Casier Bastien, Chagas da Silva Mauricio, Badawi Michael, Pascale Fabien, Bučko Tomáš, Lebègue Sébastien, Rocca Dario
Université de Lorraine and CNRS, LPCT, UMR 7019, F-54000 Nancy, France.
Department of Physical and Theoretical Chemistry, Faculty of Natural Sciences, Comenius University in Bratislava, Bratislava, Slovakia.
J Comput Chem. 2021 Jul 30;42(20):1390-1401. doi: 10.1002/jcc.26550. Epub 2021 May 19.

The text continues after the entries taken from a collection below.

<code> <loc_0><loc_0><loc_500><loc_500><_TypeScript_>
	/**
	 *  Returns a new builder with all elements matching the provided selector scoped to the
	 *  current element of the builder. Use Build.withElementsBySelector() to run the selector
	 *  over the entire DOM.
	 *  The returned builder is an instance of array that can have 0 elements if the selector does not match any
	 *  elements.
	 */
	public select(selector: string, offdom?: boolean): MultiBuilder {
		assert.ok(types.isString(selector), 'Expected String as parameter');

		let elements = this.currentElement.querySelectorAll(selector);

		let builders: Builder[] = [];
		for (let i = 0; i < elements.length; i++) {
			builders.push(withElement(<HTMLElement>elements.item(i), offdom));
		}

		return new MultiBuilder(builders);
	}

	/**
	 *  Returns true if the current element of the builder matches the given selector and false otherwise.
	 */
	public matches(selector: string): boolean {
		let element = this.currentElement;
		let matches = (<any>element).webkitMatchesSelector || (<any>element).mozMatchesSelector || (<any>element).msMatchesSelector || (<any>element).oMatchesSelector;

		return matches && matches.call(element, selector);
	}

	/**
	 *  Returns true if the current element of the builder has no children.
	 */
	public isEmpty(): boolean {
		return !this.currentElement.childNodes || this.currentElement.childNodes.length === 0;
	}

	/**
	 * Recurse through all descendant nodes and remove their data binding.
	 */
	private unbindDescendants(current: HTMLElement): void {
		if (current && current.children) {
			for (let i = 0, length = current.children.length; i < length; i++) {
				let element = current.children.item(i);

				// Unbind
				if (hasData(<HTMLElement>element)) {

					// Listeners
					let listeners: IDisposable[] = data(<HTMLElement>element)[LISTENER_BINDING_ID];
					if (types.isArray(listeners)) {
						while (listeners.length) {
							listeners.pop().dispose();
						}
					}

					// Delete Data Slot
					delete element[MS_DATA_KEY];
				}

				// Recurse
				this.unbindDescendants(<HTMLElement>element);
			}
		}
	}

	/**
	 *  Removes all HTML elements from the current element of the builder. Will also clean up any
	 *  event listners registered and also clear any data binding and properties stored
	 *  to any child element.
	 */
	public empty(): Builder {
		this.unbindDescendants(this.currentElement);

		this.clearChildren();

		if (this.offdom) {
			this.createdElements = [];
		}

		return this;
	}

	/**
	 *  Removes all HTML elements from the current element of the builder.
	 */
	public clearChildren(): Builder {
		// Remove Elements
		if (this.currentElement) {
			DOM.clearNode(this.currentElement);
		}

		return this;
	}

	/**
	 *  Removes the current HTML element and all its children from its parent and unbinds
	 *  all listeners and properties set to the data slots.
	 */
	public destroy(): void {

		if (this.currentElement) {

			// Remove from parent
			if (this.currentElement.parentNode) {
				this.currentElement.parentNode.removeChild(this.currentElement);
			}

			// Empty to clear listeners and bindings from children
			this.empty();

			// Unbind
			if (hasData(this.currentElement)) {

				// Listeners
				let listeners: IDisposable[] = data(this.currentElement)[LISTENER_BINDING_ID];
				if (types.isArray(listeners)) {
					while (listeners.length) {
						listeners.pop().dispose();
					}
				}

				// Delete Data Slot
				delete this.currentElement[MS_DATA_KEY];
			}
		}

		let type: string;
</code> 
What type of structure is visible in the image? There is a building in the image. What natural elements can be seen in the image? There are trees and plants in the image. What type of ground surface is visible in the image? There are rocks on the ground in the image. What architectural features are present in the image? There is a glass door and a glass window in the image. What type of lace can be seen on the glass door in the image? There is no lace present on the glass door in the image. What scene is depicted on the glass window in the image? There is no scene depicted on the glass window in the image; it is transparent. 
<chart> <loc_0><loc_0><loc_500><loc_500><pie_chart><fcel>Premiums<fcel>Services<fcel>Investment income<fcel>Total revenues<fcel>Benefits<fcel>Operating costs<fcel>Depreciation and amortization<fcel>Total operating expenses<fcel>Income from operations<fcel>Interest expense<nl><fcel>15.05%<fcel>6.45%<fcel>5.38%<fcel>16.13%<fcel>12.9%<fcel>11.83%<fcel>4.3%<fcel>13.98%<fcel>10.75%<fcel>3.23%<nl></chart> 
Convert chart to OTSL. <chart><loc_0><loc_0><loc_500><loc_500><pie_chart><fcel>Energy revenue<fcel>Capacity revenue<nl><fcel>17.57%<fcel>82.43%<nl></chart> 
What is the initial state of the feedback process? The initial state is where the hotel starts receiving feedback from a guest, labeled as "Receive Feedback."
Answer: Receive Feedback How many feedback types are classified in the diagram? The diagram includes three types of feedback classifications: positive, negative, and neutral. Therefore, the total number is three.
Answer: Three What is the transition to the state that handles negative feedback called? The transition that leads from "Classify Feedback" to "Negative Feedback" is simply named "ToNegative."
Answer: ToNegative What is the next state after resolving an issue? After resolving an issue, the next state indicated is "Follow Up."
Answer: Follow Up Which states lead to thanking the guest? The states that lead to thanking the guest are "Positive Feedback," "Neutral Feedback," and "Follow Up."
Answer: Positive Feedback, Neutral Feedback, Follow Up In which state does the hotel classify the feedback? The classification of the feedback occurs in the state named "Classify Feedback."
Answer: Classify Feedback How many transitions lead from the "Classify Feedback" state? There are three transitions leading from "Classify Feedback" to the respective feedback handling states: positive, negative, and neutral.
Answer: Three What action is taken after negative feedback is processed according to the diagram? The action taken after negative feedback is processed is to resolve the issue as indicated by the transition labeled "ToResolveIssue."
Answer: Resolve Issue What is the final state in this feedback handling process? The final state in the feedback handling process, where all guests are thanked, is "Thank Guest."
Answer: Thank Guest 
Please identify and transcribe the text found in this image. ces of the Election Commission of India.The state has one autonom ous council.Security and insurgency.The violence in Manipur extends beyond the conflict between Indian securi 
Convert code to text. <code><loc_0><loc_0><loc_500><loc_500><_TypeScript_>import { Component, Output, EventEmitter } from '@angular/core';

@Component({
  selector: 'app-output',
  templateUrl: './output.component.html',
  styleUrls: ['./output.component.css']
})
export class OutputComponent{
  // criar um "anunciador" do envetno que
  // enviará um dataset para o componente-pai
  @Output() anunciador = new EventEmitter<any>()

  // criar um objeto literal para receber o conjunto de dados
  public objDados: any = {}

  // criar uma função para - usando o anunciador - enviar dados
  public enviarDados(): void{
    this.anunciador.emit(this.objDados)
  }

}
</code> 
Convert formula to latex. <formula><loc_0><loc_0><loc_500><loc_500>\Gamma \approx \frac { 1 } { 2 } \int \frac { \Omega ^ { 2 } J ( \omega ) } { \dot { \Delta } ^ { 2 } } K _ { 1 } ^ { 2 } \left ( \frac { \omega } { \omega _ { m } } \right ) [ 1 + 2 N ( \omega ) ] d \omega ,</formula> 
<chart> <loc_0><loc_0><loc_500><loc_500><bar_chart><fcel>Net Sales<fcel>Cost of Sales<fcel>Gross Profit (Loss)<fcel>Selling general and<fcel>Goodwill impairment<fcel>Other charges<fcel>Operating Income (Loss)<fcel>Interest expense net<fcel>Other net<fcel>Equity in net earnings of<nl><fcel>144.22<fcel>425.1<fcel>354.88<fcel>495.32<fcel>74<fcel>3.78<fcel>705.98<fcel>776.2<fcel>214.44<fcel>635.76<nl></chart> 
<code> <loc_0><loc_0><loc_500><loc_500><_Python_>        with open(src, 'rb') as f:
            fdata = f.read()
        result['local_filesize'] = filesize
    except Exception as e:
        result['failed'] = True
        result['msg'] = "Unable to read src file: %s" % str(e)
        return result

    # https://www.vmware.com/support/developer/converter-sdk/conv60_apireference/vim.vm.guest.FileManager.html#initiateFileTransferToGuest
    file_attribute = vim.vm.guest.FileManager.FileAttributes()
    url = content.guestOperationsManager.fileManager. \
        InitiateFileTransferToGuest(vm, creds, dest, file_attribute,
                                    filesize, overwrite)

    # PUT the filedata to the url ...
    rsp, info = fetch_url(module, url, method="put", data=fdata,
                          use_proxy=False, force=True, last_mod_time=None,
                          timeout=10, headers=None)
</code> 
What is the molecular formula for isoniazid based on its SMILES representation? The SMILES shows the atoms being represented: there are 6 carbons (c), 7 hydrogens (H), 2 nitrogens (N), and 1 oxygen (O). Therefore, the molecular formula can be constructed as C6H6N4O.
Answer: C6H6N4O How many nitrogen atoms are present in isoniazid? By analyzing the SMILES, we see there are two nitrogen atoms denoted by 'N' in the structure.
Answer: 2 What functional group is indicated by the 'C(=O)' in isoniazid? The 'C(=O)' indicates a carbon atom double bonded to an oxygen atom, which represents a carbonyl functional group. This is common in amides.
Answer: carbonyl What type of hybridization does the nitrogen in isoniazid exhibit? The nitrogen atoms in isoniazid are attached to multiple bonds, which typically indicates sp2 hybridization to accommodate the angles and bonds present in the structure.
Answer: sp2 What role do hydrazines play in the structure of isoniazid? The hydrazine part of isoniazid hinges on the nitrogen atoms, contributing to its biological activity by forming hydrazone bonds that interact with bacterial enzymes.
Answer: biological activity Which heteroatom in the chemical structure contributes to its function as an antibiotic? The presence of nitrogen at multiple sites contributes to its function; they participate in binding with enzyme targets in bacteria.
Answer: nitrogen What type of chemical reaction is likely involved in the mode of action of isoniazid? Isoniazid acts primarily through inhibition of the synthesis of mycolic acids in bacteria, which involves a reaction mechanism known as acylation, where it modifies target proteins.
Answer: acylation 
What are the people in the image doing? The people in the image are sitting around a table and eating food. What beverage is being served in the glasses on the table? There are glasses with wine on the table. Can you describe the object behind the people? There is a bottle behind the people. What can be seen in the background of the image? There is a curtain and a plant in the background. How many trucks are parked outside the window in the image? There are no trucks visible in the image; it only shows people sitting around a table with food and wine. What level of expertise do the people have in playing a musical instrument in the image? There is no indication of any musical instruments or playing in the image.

Nowadays, the coupling of electronic structure and machine learning techniques serves as a powerful tool to predict chemical and physical properties of a broad range of systems. With the aim of improving the accuracy of predictions, a large number of representations for molecules and solids for machine learning applications has been developed. In this work we propose a novel descriptor based on the notion of molecular graph. While graphs are largely employed in classification problems in cheminformatics or bioinformatics, they are not often used in regression problem, especially of energy-related properties. Our method is based on a local decomposition of atomic environments and on the hybridization of two kernel functions: a graph kernel contribution that describes the chemical pattern and a Coulomb label contribution that encodes finer details of the local geometry. The accuracy of this new kernel method in energy predictions of molecular and condensed phase systems is demonstrated by considering the popular QM7 and BA10 datasets. These examples show that the hybrid localized graph kernel outperforms traditional approaches such as, for example, the smooth overlap of atomic positions and the Coulomb matrices.
如今,电子结构与机器学习技术的结合是预测各种系统化学和物理性质的有力工具。为了提高预测的准确性,已经开发了大量用于机器学习应用的分子和固体表示方法。在这项工作中,我们基于分子图的概念提出了一种新颖的描述符。虽然图在化学信息学或生物信息学的分类问题中大量使用,但它们在回归问题中并不常用,尤其是与能量相关的性质。我们的方法基于原子环境的局部分解以及两个核函数的混合:一个描述化学模式的图核贡献和一个编码局部几何更精细细节的库仑标签贡献。通过考虑流行的QM7和BA10数据集,证明了这种新的核方法在分子和凝聚相系统能量预测中的准确性。这些例子表明,混合局部图核优于传统方法,例如原子位置的平滑重叠和库仑矩阵。